BEGIN

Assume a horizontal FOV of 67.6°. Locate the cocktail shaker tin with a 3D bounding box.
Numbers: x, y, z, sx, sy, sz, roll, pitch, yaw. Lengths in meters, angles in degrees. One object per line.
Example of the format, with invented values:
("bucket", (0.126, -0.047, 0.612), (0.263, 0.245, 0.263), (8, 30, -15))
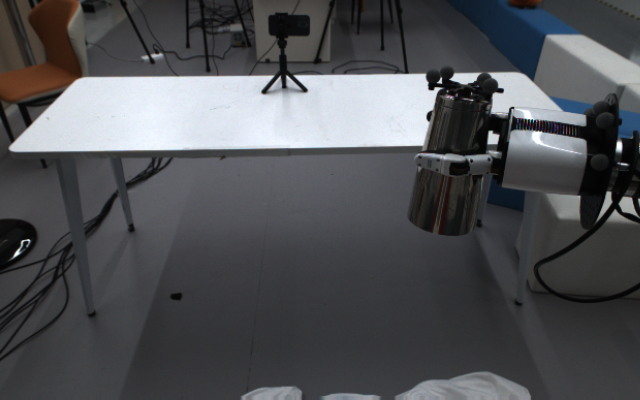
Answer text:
("cocktail shaker tin", (0.171, -0.052, 0.621), (0.093, 0.170, 0.093), (3, 26, -1))
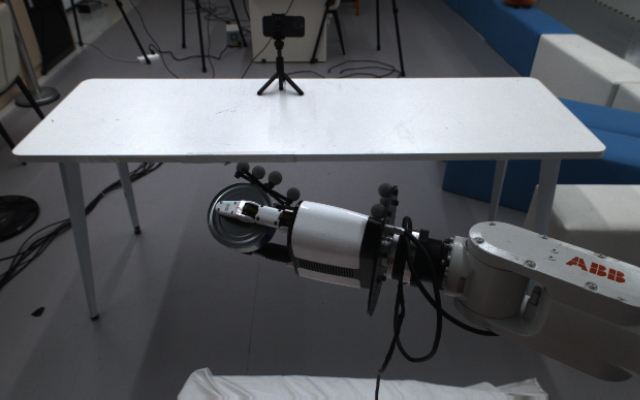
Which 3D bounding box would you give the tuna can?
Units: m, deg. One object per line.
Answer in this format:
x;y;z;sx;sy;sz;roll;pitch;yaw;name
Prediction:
-0.097;0.024;0.620;0.085;0.034;0.085;-2;71;6;tuna can

END

- Work to complete -
Would you mind transcribing the material exactly, without the pictures?

- Task answer -
Assume a horizontal FOV of 67.6°. Locate the cocktail shaker tin with a 3D bounding box.
Numbers: x, y, z, sx, sy, sz, roll, pitch, yaw. Lengths in meters, angles in degrees. One object per line.
Example of the format, with invented values:
("bucket", (0.126, -0.047, 0.612), (0.263, 0.245, 0.263), (8, 30, -15))
Answer text:
("cocktail shaker tin", (0.171, -0.052, 0.621), (0.093, 0.170, 0.093), (3, 26, -1))
Which 3D bounding box would you give the tuna can?
Units: m, deg. One object per line.
Answer in this format:
x;y;z;sx;sy;sz;roll;pitch;yaw;name
Prediction:
-0.097;0.024;0.620;0.085;0.034;0.085;-2;71;6;tuna can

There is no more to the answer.